(Source material begins)

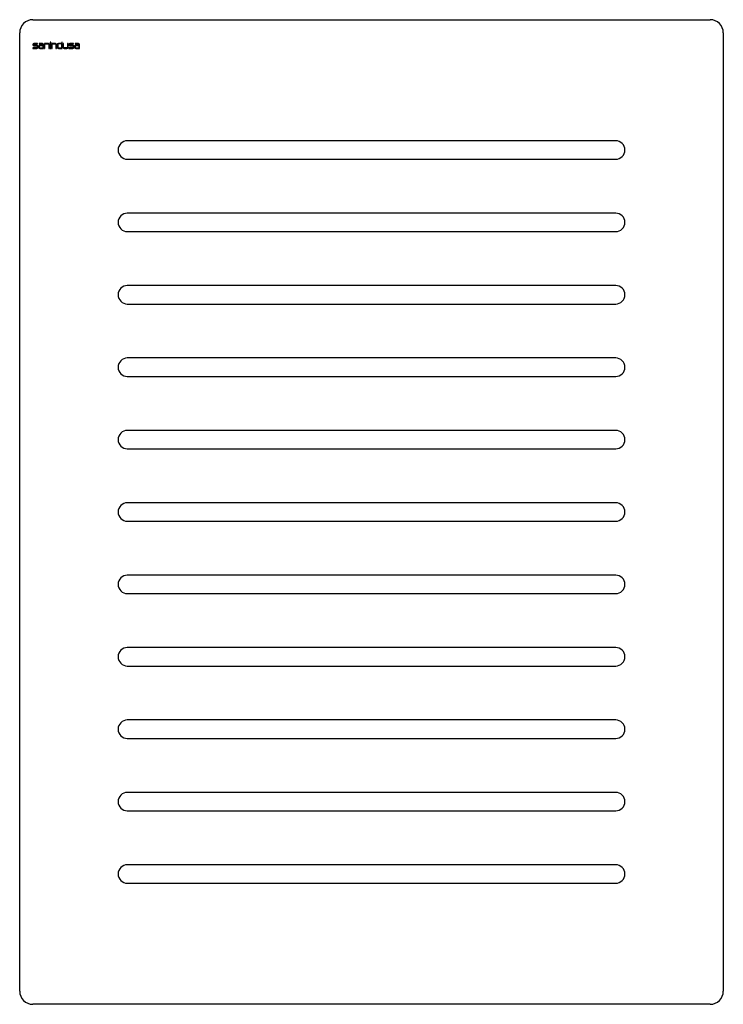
# Model space of a CAD drawing. Header units: millimetres. Extents: x 4935.942 to 4936.477, y 1883.92 to 1884.668.
import ezdxf

# ---------------------------------------------------------------- set-up
doc = ezdxf.new("R2010")
doc.units = ezdxf.units.MM
doc.layers.add('SANINDUSA', color=3, linetype='Continuous')

msp = doc.modelspace()

# ---------------------------------------------------------------- linework, layer by layer
at = {"layer": 'SANINDUSA'}
for p, q in [((4935.95247, 1884.66807), (4936.46697, 1884.66807)), ((4935.94247, 1883.93007), (4935.94247, 1884.65807)), ((4936.47697, 1884.65807), (4936.47697, 1883.93007)), ((4935.95247, 1884.64927), (4935.95247, 1884.64899)), ((4935.95546, 1884.64667), (4935.95247, 1884.64667)), ((4935.95247, 1884.64667), (4935.95247, 1884.64629)), ((4935.95247, 1884.64629), (4935.95544, 1884.64629)), ((4935.95287, 1884.64899), (4935.95287, 1884.64927)), ((4935.95595, 1884.65007), (4935.95327, 1884.65007)), ((4935.95327, 1884.64967), (4935.95595, 1884.64967)), ((4935.95544, 1884.64859), (4935.95327, 1884.64859)), ((4935.95327, 1884.64819), (4935.95546, 1884.64819)), ((4935.95586, 1884.64779), (4935.95586, 1884.64707)), ((4935.95595, 1884.64967), (4935.95595, 1884.65007)), ((4935.95624, 1884.64709), (4935.95624, 1884.64779)), ((4935.95687, 1884.64779), (4935.95687, 1884.64709)), ((4935.95984, 1884.65007), (4935.95715, 1884.65007)), ((4935.95715, 1884.65007), (4935.95715, 1884.64967)), ((4935.95715, 1884.64967), (4935.95984, 1884.64967)), ((4935.95725, 1884.64779), (4935.95725, 1884.64707)), ((4935.96024, 1884.64819), (4935.95765, 1884.64819)), ((4935.95765, 1884.64667), (4935.96024, 1884.64667)), ((4935.96024, 1884.64859), (4935.95767, 1884.64859)), ((4935.95767, 1884.64629), (4935.96064, 1884.64629)), ((4935.96024, 1884.64927), (4935.96024, 1884.64859)), ((4935.96024, 1884.64667), (4935.96024, 1884.64819)), ((4935.96064, 1884.64629), (4935.96064, 1884.64927)), ((4935.96423, 1884.65007), (4935.96125, 1884.65007)), ((4935.96125, 1884.65007), (4935.96125, 1884.64629)), ((4935.96125, 1884.64629), (4935.96165, 1884.64629)), ((4935.96165, 1884.64629), (4935.96165, 1884.64967)), ((4935.96165, 1884.64967), (4935.96424, 1884.64967)), ((4935.96464, 1884.64927), (4935.96464, 1884.64629)), ((4935.96464, 1884.64629), (4935.96503, 1884.64629)), ((4935.96503, 1884.64629), (4935.96503, 1884.64927)), ((4935.96604, 1884.65104), (4935.96565, 1884.65104)), ((4935.96565, 1884.65104), (4935.96565, 1884.65045)), ((4935.96565, 1884.65045), (4935.96604, 1884.65045)), ((4935.96604, 1884.65007), (4935.96565, 1884.65007)), ((4935.96565, 1884.65007), (4935.96565, 1884.64629)), ((4935.96565, 1884.64629), (4935.96604, 1884.64629)), ((4935.96604, 1884.65045), (4935.96604, 1884.65104)), ((4935.96604, 1884.64629), (4935.96604, 1884.65007)), ((4935.96964, 1884.65007), (4935.96666, 1884.65007)), ((4935.96666, 1884.65007), (4935.96666, 1884.64629)), ((4935.96666, 1884.64629), (4935.96704, 1884.64629)), ((4935.96704, 1884.64629), (4935.96704, 1884.64967)), ((4935.96704, 1884.64967), (4935.96964, 1884.64967)), ((4935.97004, 1884.64927), (4935.97004, 1884.64629)), ((4935.97004, 1884.64629), (4935.97044, 1884.64629)), ((4935.97044, 1884.64629), (4935.97044, 1884.64927)), ((4935.97104, 1884.64927), (4935.97103, 1884.64709)), ((4935.97143, 1884.64927), (4935.97143, 1884.64707)), ((4935.97442, 1884.64967), (4935.97183, 1884.64967)), ((4935.97183, 1884.64667), (4935.97442, 1884.64667)), ((4935.97183, 1884.64629), (4935.9748, 1884.64629)), ((4935.97442, 1884.65007), (4935.97184, 1884.65007)), ((4935.9748, 1884.65104), (4935.97442, 1884.65104)), ((4935.97442, 1884.65104), (4935.97442, 1884.65007)), ((4935.97442, 1884.64667), (4935.97442, 1884.64967)), ((4935.9748, 1884.64629), (4935.9748, 1884.65104)), ((4935.97581, 1884.65007), (4935.97543, 1884.65007)), ((4935.97543, 1884.65007), (4935.97543, 1884.64709)), ((4935.97581, 1884.64707), (4935.97581, 1884.65007)), ((4935.97841, 1884.64668), (4935.97621, 1884.64667)), ((4935.97623, 1884.64629), (4935.9784, 1884.64629)), ((4935.9792, 1884.65007), (4935.9788, 1884.65007)), ((4935.9788, 1884.65007), (4935.9788, 1884.64708)), ((4935.9792, 1884.64709), (4935.9792, 1884.65007)), ((4935.97981, 1884.64927), (4935.97981, 1884.64899)), ((4935.9828, 1884.64667), (4935.97981, 1884.64667)), ((4935.97981, 1884.64667), (4935.97981, 1884.64629)), ((4935.97981, 1884.64629), (4935.98278, 1884.64629)), ((4935.98021, 1884.64899), (4935.98021, 1884.64927)), ((4935.9833, 1884.65007), (4935.98061, 1884.65007)), ((4935.98061, 1884.64967), (4935.9833, 1884.64967)), ((4935.98279, 1884.64859), (4935.98061, 1884.64859)), ((4935.98061, 1884.64819), (4935.9828, 1884.64819)), ((4935.9832, 1884.64779), (4935.9832, 1884.64707)), ((4935.9833, 1884.64967), (4935.9833, 1884.65007)), ((4935.98358, 1884.64708), (4935.98359, 1884.64779)), ((4935.98421, 1884.64779), (4935.98421, 1884.64709)), ((4935.98719, 1884.65007), (4935.9845, 1884.65007)), ((4935.9845, 1884.65007), (4935.9845, 1884.64967)), ((4935.9845, 1884.64967), (4935.98719, 1884.64967)), ((4935.98461, 1884.64779), (4935.98461, 1884.64707)), ((4935.98759, 1884.64859), (4935.98501, 1884.64859)), ((4935.98759, 1884.64819), (4935.98501, 1884.64819)), ((4935.98501, 1884.64667), (4935.98759, 1884.64667)), ((4935.98501, 1884.64629), (4935.98799, 1884.64629)), ((4935.98759, 1884.64927), (4935.98759, 1884.64859)), ((4935.98759, 1884.64667), (4935.98759, 1884.64819)), ((4935.98799, 1884.64629), (4935.98799, 1884.64927)), ((4936.39522, 1884.57607), (4936.02422, 1884.57607)), ((4936.02422, 1884.56207), (4936.39522, 1884.56207)), ((4936.39522, 1884.52107), (4936.02422, 1884.52107)), ((4936.02422, 1884.50707), (4936.39522, 1884.50707)), ((4936.39522, 1884.46607), (4936.02422, 1884.46607)), ((4936.02422, 1884.45207), (4936.39522, 1884.45207)), ((4936.39522, 1884.41107), (4936.02422, 1884.41107)), ((4936.02422, 1884.39707), (4936.39522, 1884.39707)), ((4936.39522, 1884.35607), (4936.02422, 1884.35607)), ((4936.02422, 1884.34207), (4936.39522, 1884.34207)), ((4936.39522, 1884.30107), (4936.02422, 1884.30107)), ((4936.02422, 1884.28707), (4936.39522, 1884.28707)), ((4936.39522, 1884.24607), (4936.02422, 1884.24607)), ((4936.02422, 1884.23207), (4936.39522, 1884.23207)), ((4936.39522, 1884.19107), (4936.02422, 1884.19107)), ((4936.02422, 1884.17707), (4936.39522, 1884.17707)), ((4936.39522, 1884.13607), (4936.02422, 1884.13607)), ((4936.02422, 1884.12207), (4936.39522, 1884.12207)), ((4936.39522, 1884.08107), (4936.02422, 1884.08107)), ((4936.02422, 1884.06707), (4936.39522, 1884.06707)), ((4936.39522, 1884.02607), (4936.02422, 1884.02607)), ((4936.02422, 1884.01207), (4936.39522, 1884.01207)), ((4936.46697, 1883.92007), (4935.95247, 1883.92007))]:
    msp.add_line(p, q, dxfattribs=at)
for centre, radius, start, end in [((4935.95247, 1884.65807), 0.01, 90, 180), ((4936.46697, 1884.65807), 0.01, 0, 90), ((4935.95327, 1884.64927), 0.0008, 90, 180), ((4935.95327, 1884.64899), 0.0008, 180, 270), ((4935.95327, 1884.64927), 0.0004, 90, 180), ((4935.95327, 1884.64899), 0.0004, 180, 270), ((4935.95544, 1884.64779), 0.0008, 0, 90), ((4935.95544, 1884.64709), 0.0008, 270, 0), ((4935.95546, 1884.64779), 0.0004, 0, 90), ((4935.95546, 1884.64707), 0.0004, 270, 0), ((4935.95767, 1884.64779), 0.0008, 90, 180), ((4935.95767, 1884.64709), 0.0008, 180, 270), ((4935.95765, 1884.64779), 0.0004, 90, 180), ((4935.95765, 1884.64707), 0.0004, 180, 270), ((4935.95984, 1884.64927), 0.0008, 0, 90), ((4935.95984, 1884.64927), 0.0004, 0, 90), ((4935.96423, 1884.64927), 0.0008, 0, 90), ((4935.96424, 1884.64927), 0.0004, 0, 90), ((4935.96964, 1884.64927), 0.0008, 0, 90), ((4935.96964, 1884.64927), 0.0004, 0, 90), ((4935.97183, 1884.64709), 0.0008, 179.7853, 270), ((4935.97184, 1884.64927), 0.0008, 90, 179.7853), ((4935.97183, 1884.64927), 0.0004, 90, 180), ((4935.97183, 1884.64707), 0.0004, 180, 270), ((4935.97623, 1884.64709), 0.0008, 180, 270), ((4935.97621, 1884.64707), 0.0004, 180, 270.20399), ((4935.9784, 1884.64709), 0.0008, 270, 0), ((4935.9784, 1884.64708), 0.0004, 270.20399, 0), ((4935.98061, 1884.64927), 0.0008, 90, 180), ((4935.98061, 1884.64899), 0.0008, 180, 270), ((4935.98061, 1884.64927), 0.0004, 90, 180), ((4935.98061, 1884.64899), 0.0004, 180, 270), ((4935.98278, 1884.64709), 0.0008, 270, 359.46431), ((4935.98279, 1884.64779), 0.0008, 359.46431, 90), ((4935.9828, 1884.64779), 0.0004, 0, 90), ((4935.9828, 1884.64707), 0.0004, 270, 0), ((4935.98501, 1884.64779), 0.0008, 90, 180), ((4935.98501, 1884.64709), 0.0008, 180, 270), ((4935.98501, 1884.64779), 0.0004, 90, 180), ((4935.98501, 1884.64707), 0.0004, 180, 270), ((4935.98719, 1884.64927), 0.0008, 0, 90), ((4935.98719, 1884.64927), 0.0004, 0, 90), ((4936.02422, 1884.56907), 0.007, 90, 270), ((4936.39522, 1884.56907), 0.007, 270, 90), ((4936.02422, 1884.51407), 0.007, 90, 270), ((4936.39522, 1884.51407), 0.007, 270, 90), ((4936.02422, 1884.45907), 0.007, 90, 270), ((4936.39522, 1884.45907), 0.007, 270, 90), ((4936.02422, 1884.40407), 0.007, 90, 270), ((4936.39522, 1884.40407), 0.007, 270, 90), ((4936.02422, 1884.34907), 0.007, 90, 270), ((4936.39522, 1884.34907), 0.007, 270, 90), ((4936.02422, 1884.29407), 0.007, 90, 270), ((4936.39522, 1884.29407), 0.007, 270, 90), ((4936.02422, 1884.23907), 0.007, 90, 270), ((4936.39522, 1884.23907), 0.007, 270, 90), ((4936.02422, 1884.18407), 0.007, 90, 270), ((4936.39522, 1884.18407), 0.007, 270, 90), ((4936.02422, 1884.12907), 0.007, 90, 270), ((4936.39522, 1884.12907), 0.007, 270, 90), ((4936.02422, 1884.07407), 0.007, 90, 270), ((4936.39522, 1884.07407), 0.007, 270, 90), ((4936.02422, 1884.01907), 0.007, 90, 270), ((4936.39522, 1884.01907), 0.007, 270, 90), ((4935.95247, 1883.93007), 0.01, 180, 270), ((4936.46697, 1883.93007), 0.01, 270, 0)]:
    msp.add_arc(centre, radius, start, end, dxfattribs=at)

doc.saveas('drawing.dxf')

(Source material ends)

What you should do:
Scan the data above and report each line in which "drawing" is present.

Result:
# Model space of a CAD drawing. Header units: millimetres. Extents: x 4935.942 to 4936.477, y 1883.92 to 1884.668.
doc.saveas('drawing.dxf')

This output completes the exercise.